* **About this exercise**:
Each line below from the one containing "text Confounds [118, 241, 1157, 275]" through the one containing "text comparable to" is to be given again exactly, and no line outside that span.

Stored dataset items:
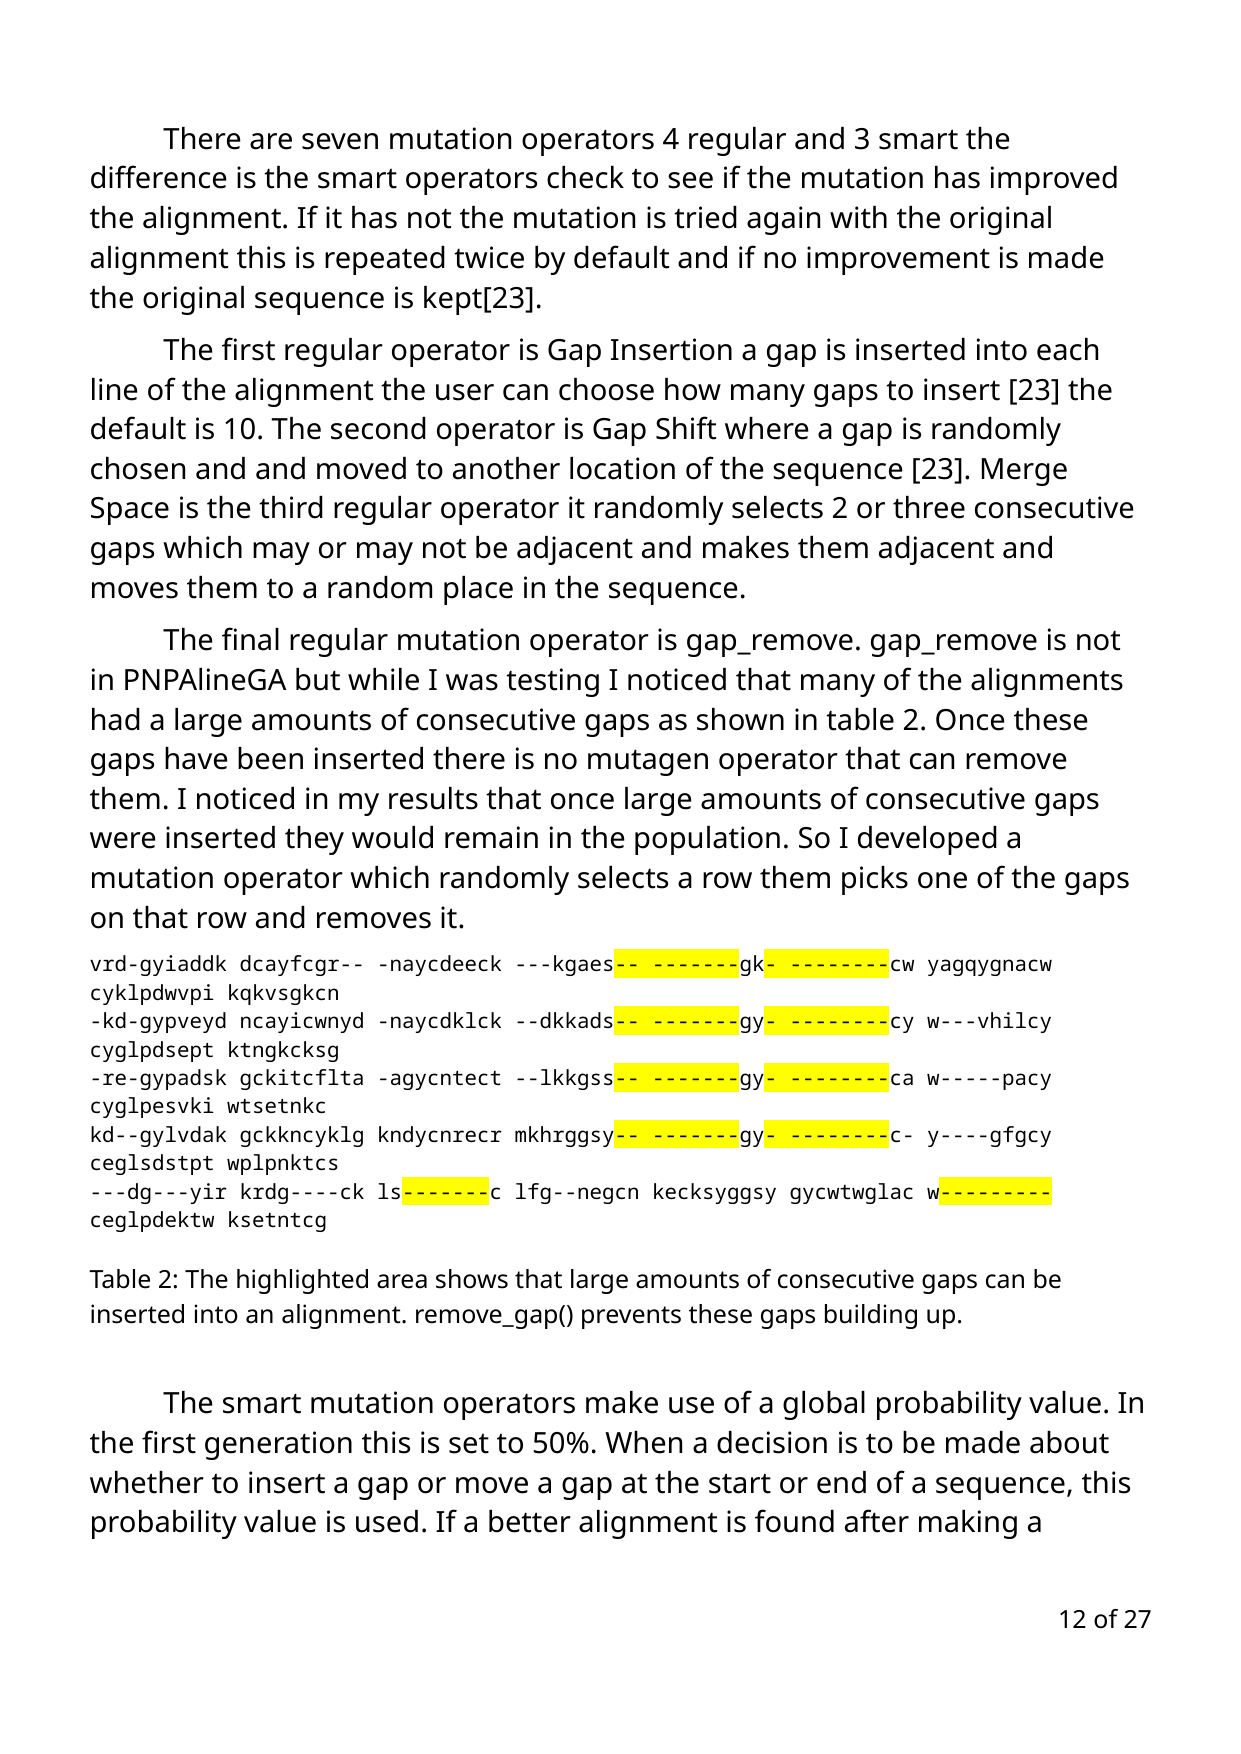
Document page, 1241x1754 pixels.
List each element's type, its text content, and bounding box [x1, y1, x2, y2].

text The smart mutation operators make use of a global probability value. In the first generation this is set to 50%. When a decision is to be made about whether to insert a gap or move a gap at the start or end of a sequence, this probability value is used. If a better alignment is found after making a [89, 1382, 1152, 1541]
table_cell Table 2: The highlighted area shows that large amounts of consecutive gaps can be inserted into an alignment. remove_gap() prevents these gaps building up. [89, 1262, 1152, 1330]
table_header vrd-gyiaddk dcayfcgr-- -naycdeeck ---kgaes-- -------gk- --------cw yagqygnacw cyklpdwvpi kqkvsgkcn -kd-gypveyd ncayicwnyd -naycdklck --dkkads-- -------gy- --------cy w---vhilcy cyglpdsept ktngkcksg -re-gypadsk gckitcflta -agycntect --lkkgss-- -------gy- --------ca w-----pacy cyglpesvki wtsetnkc kd--gylvdak gckkncyklg kndycnrecr mkhrggsy-- -------gy- --------c- y----gfgcy ceglsdstpt wplpnktcs ---dg---yir krdg----ck ls-------c lfg--negcn kecksyggsy gycwtwglac w--------- ceglpdektw ksetntcg [89, 949, 1152, 1262]
text The first regular operator is Gap Insertion a gap is inserted into each line of the alignment the user can choose how many gaps to insert [23] the default is 10. The second operator is Gap Shift where a gap is randomly chosen and and moved to another location of the sequence [23]. Merge Space is the third regular operator it randomly selects 2 or three consecutive gaps which may or may not be adjacent and makes them adjacent and moves them to a random place in the sequence. [89, 329, 1152, 607]
text The final regular mutation operator is gap_remove. gap_remove is not in PNPAlineGA but while I was testing I noticed that many of the alignments had a large amounts of consecutive gaps as shown in table 2. Once these gaps have been inserted there is no mutagen operator that can remove them. I noticed in my results that once large amounts of consecutive gaps were inserted they would remain in the population. So I developed a mutation operator which randomly selects a row them picks one of the gaps on that row and removes it. [89, 619, 1152, 937]
text There are seven mutation operators 4 regular and 3 smart the difference is the smart operators check to see if the mutation has improved the alignment. If it has not the mutation is tried again with the original alignment this is repeated twice by default and if no improvement is made the original sequence is kept[23]. [89, 118, 1152, 317]
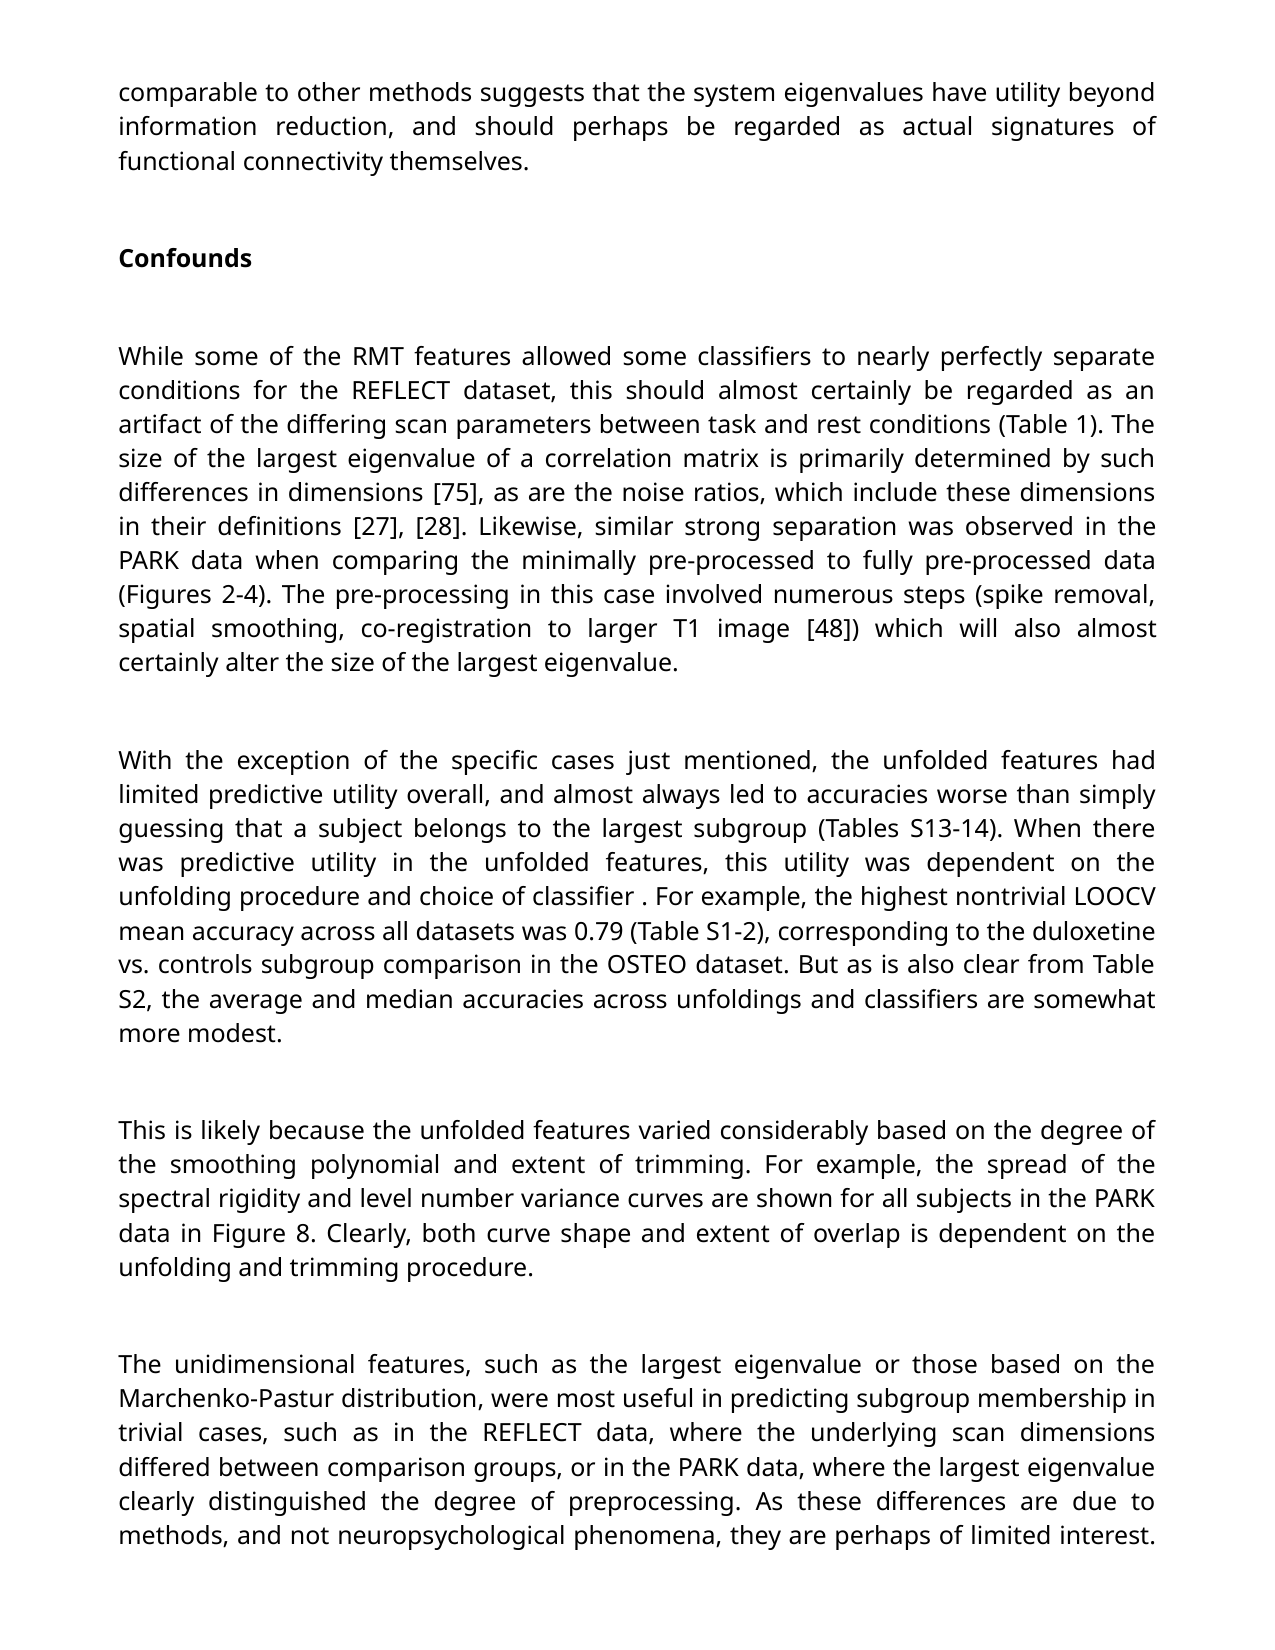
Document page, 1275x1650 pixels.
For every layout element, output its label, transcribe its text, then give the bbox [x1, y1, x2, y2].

text While some of the RMT features allowed some classifiers to nearly perfectly separate conditions for the REFLECT dataset, this should almost certainly be regarded as an artifact of the differing scan parameters between task and rest conditions (Table 1). The size of the largest eigenvalue of a correlation matrix is primarily determined by such differences in dimensions [75], as are the noise ratios, which include these dimensions in their definitions [27], [28]. Likewise, similar strong separation was observed in the PARK data when comparing the minimally pre-processed to fully pre-processed data (Figures 2-4). The pre-processing in this case involved numerous steps (spike removal, spatial smoothing, co-registration to larger T1 image [48]) which will also almost certainly alter the size of the largest eigenvalue. [118, 338, 1157, 679]
text This is likely because the unfolded features varied considerably based on the degree of the smoothing polynomial and extent of trimming. For example, the spread of the spectral rigidity and level number variance curves are shown for all subjects in the PARK data in Figure 8. Clearly, both curve shape and extent of overlap is dependent on the unfolding and trimming procedure. [118, 1113, 1157, 1283]
text Confounds [118, 241, 1157, 275]
text comparable to other methods suggests that the system eigenvalues have utility beyond information reduction, and should perhaps be regarded as actual signatures of functional connectivity themselves. [118, 75, 1157, 177]
text With the exception of the specific cases just mentioned, the unfolded features had limited predictive utility overall, and almost always led to accuracies worse than simply guessing that a subject belongs to the largest subgroup (Tables S13-14). When there was predictive utility in the unfolded features, this utility was dependent on the unfolding procedure and choice of classifier . For example, the highest nontrivial LOOCV mean accuracy across all datasets was 0.79 (Table S1-2), corresponding to the duloxetine vs. controls subgroup comparison in the OSTEO dataset. But as is also clear from Table S2, the average and median accuracies across unfoldings and classifiers are somewhat more modest. [118, 743, 1157, 1049]
text The unidimensional features, such as the largest eigenvalue or those based on the Marchenko-Pastur distribution, were most useful in predicting subgroup membership in trivial cases, such as in the REFLECT data, where the underlying scan dimensions differed between comparison groups, or in the PARK data, where the largest eigenvalue clearly distinguished the degree of preprocessing. As these differences are due to methods, and not neuropsychological phenomena, they are perhaps of limited interest. [118, 1347, 1157, 1551]

* **Result of the task**:
text Confounds [118, 241, 1157, 275]
text comparable to other methods suggests that the system eigenvalues have utility beyond information reduction, and should perhaps be regarded as actual signatures of functional connectivity themselves. [118, 75, 1157, 177]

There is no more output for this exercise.